** AVAILABLE DATA **
+--

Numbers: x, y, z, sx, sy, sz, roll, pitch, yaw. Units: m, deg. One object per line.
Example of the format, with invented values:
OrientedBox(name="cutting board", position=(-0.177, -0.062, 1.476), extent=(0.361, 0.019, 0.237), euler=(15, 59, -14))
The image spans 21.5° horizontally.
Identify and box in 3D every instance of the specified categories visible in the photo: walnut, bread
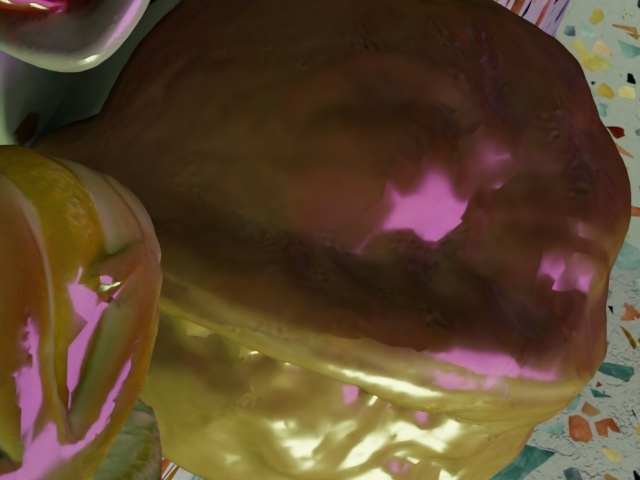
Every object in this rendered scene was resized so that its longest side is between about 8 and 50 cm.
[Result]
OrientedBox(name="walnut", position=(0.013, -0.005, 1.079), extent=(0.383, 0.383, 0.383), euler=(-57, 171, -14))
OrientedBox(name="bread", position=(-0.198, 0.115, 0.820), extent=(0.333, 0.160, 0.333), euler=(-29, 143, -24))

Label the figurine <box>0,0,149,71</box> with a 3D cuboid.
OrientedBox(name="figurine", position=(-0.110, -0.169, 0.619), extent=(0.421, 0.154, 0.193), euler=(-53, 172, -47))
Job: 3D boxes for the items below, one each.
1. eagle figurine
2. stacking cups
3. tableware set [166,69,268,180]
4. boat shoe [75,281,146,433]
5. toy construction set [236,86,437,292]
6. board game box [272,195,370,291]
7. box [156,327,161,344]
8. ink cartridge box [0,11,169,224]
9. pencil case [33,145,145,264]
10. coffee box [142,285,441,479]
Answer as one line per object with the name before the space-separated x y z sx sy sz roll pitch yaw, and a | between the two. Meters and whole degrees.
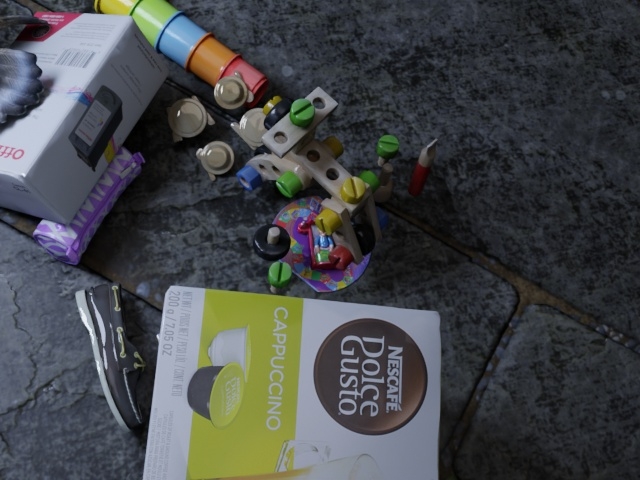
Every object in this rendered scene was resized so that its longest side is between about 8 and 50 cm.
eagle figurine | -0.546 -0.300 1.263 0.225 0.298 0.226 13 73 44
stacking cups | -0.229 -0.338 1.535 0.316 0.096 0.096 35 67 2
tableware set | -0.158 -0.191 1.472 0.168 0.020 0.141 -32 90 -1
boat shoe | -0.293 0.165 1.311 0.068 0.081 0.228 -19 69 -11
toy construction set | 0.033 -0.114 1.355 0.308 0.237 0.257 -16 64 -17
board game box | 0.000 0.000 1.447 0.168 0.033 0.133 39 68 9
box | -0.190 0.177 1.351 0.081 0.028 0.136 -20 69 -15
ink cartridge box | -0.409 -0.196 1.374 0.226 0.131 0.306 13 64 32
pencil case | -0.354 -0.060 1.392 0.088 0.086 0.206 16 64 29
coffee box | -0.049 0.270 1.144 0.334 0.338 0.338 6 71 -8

+--

** TASK OBJECTIVE **
Copy exactly, please, the lines that run from the line holding "8. ink cartridge box [0,11,169,224]" through the closing line of the material above, omitting every picture.

** SOLUTION **
8. ink cartridge box [0,11,169,224]
9. pencil case [33,145,145,264]
10. coffee box [142,285,441,479]
Answer as one line per object with the name before the space-separated x y z sx sy sz roll pitch yaw, and a | between the two. Meters and whole degrees.
Every object in this rendered scene was resized so that its longest side is between about 8 and 50 cm.
eagle figurine | -0.546 -0.300 1.263 0.225 0.298 0.226 13 73 44
stacking cups | -0.229 -0.338 1.535 0.316 0.096 0.096 35 67 2
tableware set | -0.158 -0.191 1.472 0.168 0.020 0.141 -32 90 -1
boat shoe | -0.293 0.165 1.311 0.068 0.081 0.228 -19 69 -11
toy construction set | 0.033 -0.114 1.355 0.308 0.237 0.257 -16 64 -17
board game box | 0.000 0.000 1.447 0.168 0.033 0.133 39 68 9
box | -0.190 0.177 1.351 0.081 0.028 0.136 -20 69 -15
ink cartridge box | -0.409 -0.196 1.374 0.226 0.131 0.306 13 64 32
pencil case | -0.354 -0.060 1.392 0.088 0.086 0.206 16 64 29
coffee box | -0.049 0.270 1.144 0.334 0.338 0.338 6 71 -8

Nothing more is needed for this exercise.